A - The existing user account stays the same, provided that the username is already in the SSO-supported format. If the user account is not in the supported format and an alternative SSO-supported format exists (in the customer’s IdP), the QDI Licensing team can rename on UMA the current one to the SSO-supported format. (In the worst case, if the user account is not in the QDI-supported format and there’s no alternative SSO-supported format, then that particular user can stay non-SSO, i.e., continue to use QDI two-factor authentication.)
Q - What is the user experience, with SSO enabled, for a user who’s not set up in the application yet?
A - That user will be able to log in but will see an error page saying that he/she is not authorized to use the application. Or, if automatic provisioning has been turned on on their SSO configuration, that user will be automatically created in UMA, added to the license, and the application will proceed to load. (The first two transparent steps are one-offs.)
Q - Do users access the application via a public/shared/training type workstation that they are not personally logged into?
A - Workstation type has no impact on application access. User must be able to authenticate to SSO on the workstation.
Q - Do users require the ability to log in with different credentials for test/developer/admin access?
A - No. Only the SSO-supported credentials that exist in their IdP can be used.
Q - Do you have any MFA requirements?
A - MFA is an optional layer of security that is up to the customer to integrate with QDI SSO to implement. It’s not something QDI requires.
Q - What should the user log-out experience look like?
A - Just a normal exit from the application. Not much to expect.
Q - Do we need a log-out button?
A - No. The application’s log-out button is the only thing needed.
Q - Are you receiving any kind of feed of users' information from CCF? If so, what is the purpose of it, and how will SSO via SAML affect that (or vice-versa)?
A - We are not sure what this question means, if it refers to something like whether the SP is getting user data(attributes or metadata) directly from the CCF(?? Something like central customer/corporate directory/federation) outside the SAML assertion itself, then the answer is no, the only exchange of information is from the SAML assertions.
Q - Are there any scripts or programs that access the application using a userid/PW?
A - QCII is moving away from the API calls with user and password and replacing these with the OAuth device code flow, where the end user does the browser authentication.
Q - Is SSO enabled in your Test/Staging environment?

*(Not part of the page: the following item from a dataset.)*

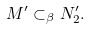Convert formula to latex. <formula><loc_0><loc_0><loc_500><loc_500>M ^ { \prime } \subset _ { \beta } N _ { 2 } ^ { \prime } .</formula>

A - SSO is only available under the production (and beta) environment. There is no staging environment to test SSO integration.
Q - If this is internally hosted, do you have your certificate(s) set up?
A - Yes.
SSO known limitations
- When SSO is turned ON, users once logged in, will not be able to login as someone else from their private computer.
Workaround: logout from own IDP and delete all cookies from browser for ingenuity.com.
SSO work flows that require special attention
- When SSO is turned ON for a domain, but account auto-provisioning is turned OFF, any new account trying to login in our system will get a message stating that the account could not be found in the system.
- When SSO is turned OFF for a user already logged in, he/she will receive a message saying that “SSO login is disabled for your user, please go back and login with QIAGEN credentials upon session expiration“.